◆ **What the task asks**:
Go to the line with "Convert formula to" in the material below and copy from there through the line with "Could you give", exactly. Pictures are not copied.

◆ **Records**:
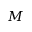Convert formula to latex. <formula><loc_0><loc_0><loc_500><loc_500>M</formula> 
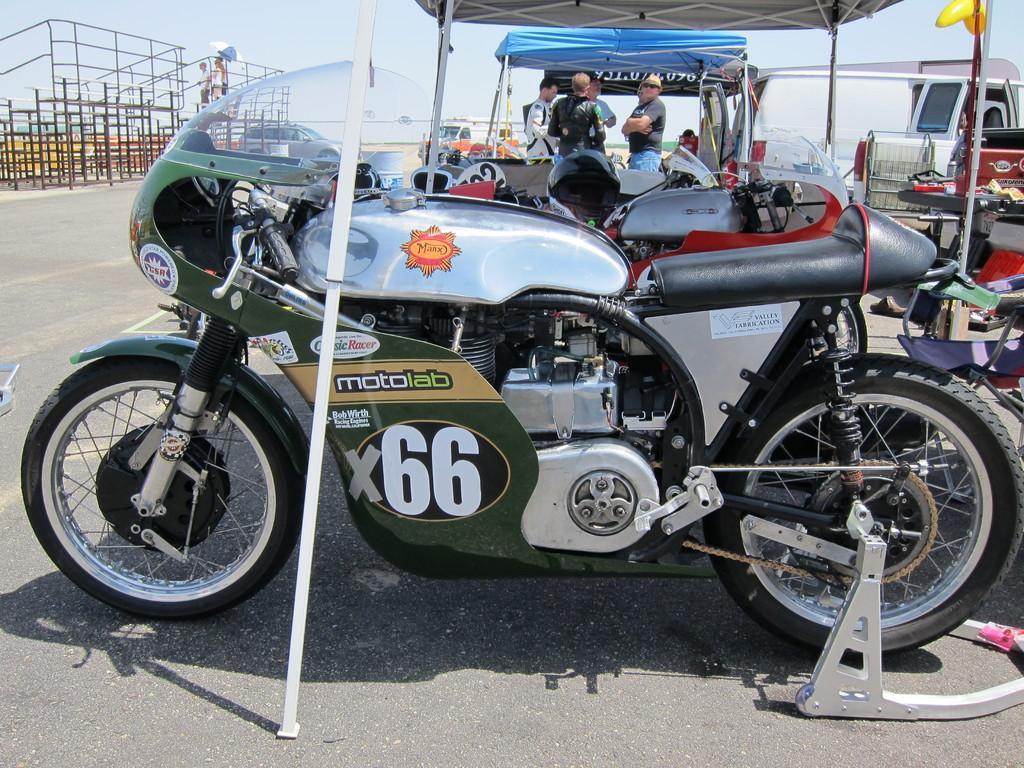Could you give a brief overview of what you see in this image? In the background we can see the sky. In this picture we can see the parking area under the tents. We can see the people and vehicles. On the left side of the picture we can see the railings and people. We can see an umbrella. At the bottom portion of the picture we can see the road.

--

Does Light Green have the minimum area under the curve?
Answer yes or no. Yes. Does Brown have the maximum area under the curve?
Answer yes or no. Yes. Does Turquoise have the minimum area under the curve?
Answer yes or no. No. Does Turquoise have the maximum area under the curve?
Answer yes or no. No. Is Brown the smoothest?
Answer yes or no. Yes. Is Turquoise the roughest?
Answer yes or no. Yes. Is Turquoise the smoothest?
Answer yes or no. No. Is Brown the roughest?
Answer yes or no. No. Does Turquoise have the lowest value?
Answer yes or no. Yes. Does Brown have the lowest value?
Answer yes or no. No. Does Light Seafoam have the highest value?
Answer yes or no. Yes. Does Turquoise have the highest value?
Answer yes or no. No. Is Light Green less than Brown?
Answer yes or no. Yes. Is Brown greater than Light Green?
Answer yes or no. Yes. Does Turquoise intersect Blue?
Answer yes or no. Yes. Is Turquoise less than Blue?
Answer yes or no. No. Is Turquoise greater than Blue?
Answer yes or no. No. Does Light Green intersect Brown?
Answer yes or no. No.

◆ **Task response**:
Convert formula to latex. <formula><loc_0><loc_0><loc_500><loc_500>M</formula> 
Could you give a brief overview of what you see in this image? In the background we can see the sky. In this picture we can see the parking area under the tents. We can see the people and vehicles. On the left side of the picture we can see the railings and people. We can see an umbrella. At the bottom portion of the picture we can see the road.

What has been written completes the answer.